Casoli, consegnate le chiavi del casolare dove l’inglese è stata uccisa a coltellate
CASOLI. Due delle tre figlie di Michele Faiers Dawn sono arrivate a Casoli per il dissequestro del casolare di contrada Verratti, dove un mese fa la 66enne inglese è stata trovata morta. Sarah e Harriett, 37 e 28 anni (la maggiore, assente, si chiama Brooke), nate da un precedente matrimonio della donna, sono state accompagnate in Italia dal vice console dell'ambasciata britannica di Roma, Vittoria Dominijanni. In mattinata sono state in procura a Lanciano, dove sono state a colloquio circa due ore con il procuratore capo Mirvana Di Serio, titolare dell’inchiesta sul delitto. Alle 14, nella caserma dei carabinieri di Casoli, alle giovani sono state riconsegnate le chiavi del casolare, acquistato in comproprietà dalla coppia e dissequestrato dalla magistratura a seguito dell’istanza presentata dalle figlie. Una copia è stata consegnata anche all’avvocato Massimiliano Sichetti, legale d’ufficio in Italia di Micheal Dennis Withbread, 74 anni, connazionale e convivente della donna, unico indagato per il suo omicidio. Sarah e Harriett, ospiti da amici della madre a Palombaro, sono apparse molto affrante, la più piccola ha pianto spesso.

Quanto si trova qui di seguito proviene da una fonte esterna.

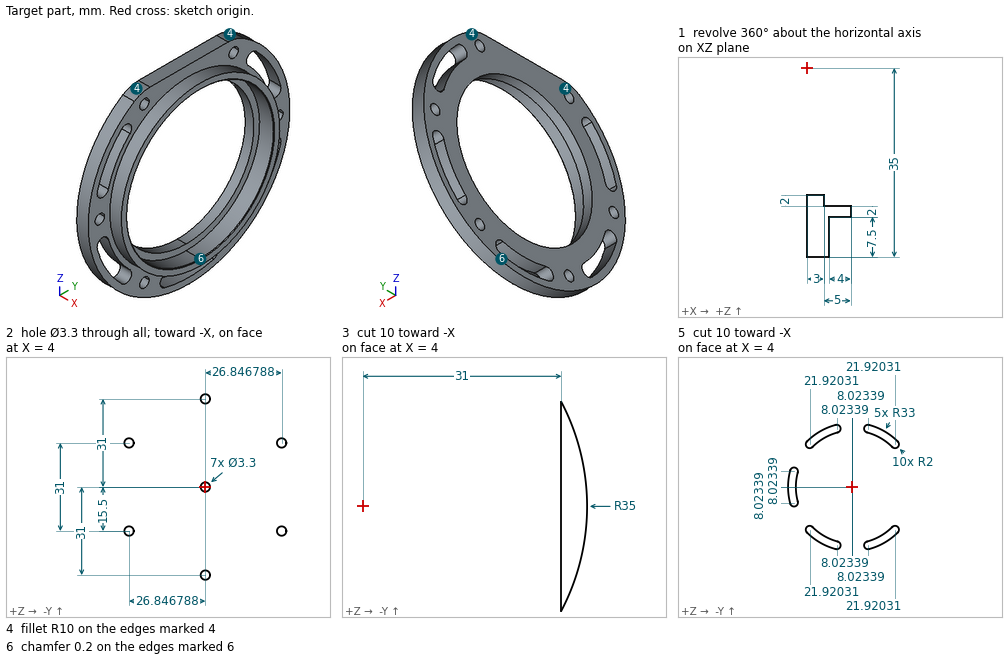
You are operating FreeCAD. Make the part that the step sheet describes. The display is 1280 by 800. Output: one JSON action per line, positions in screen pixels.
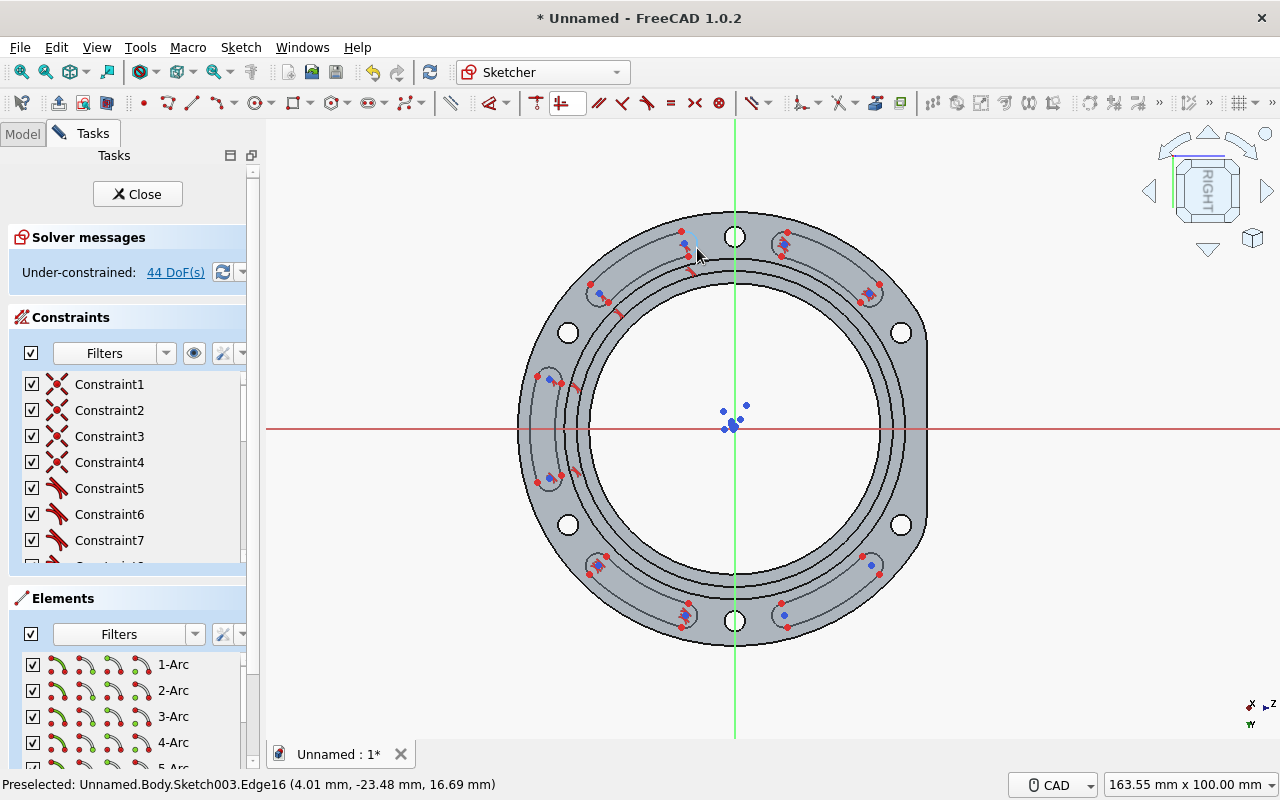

Accompagnate dal vice console e dall’avvocato Sichetti, le due si sono recate in contrada Verratti, dove la madre aveva deciso di trasferirsi tre anni fa con il compagno. Sono entrate da sole in casa e vi sono rimaste per pochi minuti. Torneranno con calma a recuperare gli effetti personali della madre e a organizzare la sua sepoltura in Italia. «È stato un momento toccante, non si è parlato di indagini, abbiamo rispettato il loro momento di dolore», commenta l’avvocato Sichetti, a sua volta contattato dalla figlia di Withbread, Chloe, in cerca di informazioni sulla situazione del padre, in carcere a Londra. La prossima udienza è fissata al 7 dicembre.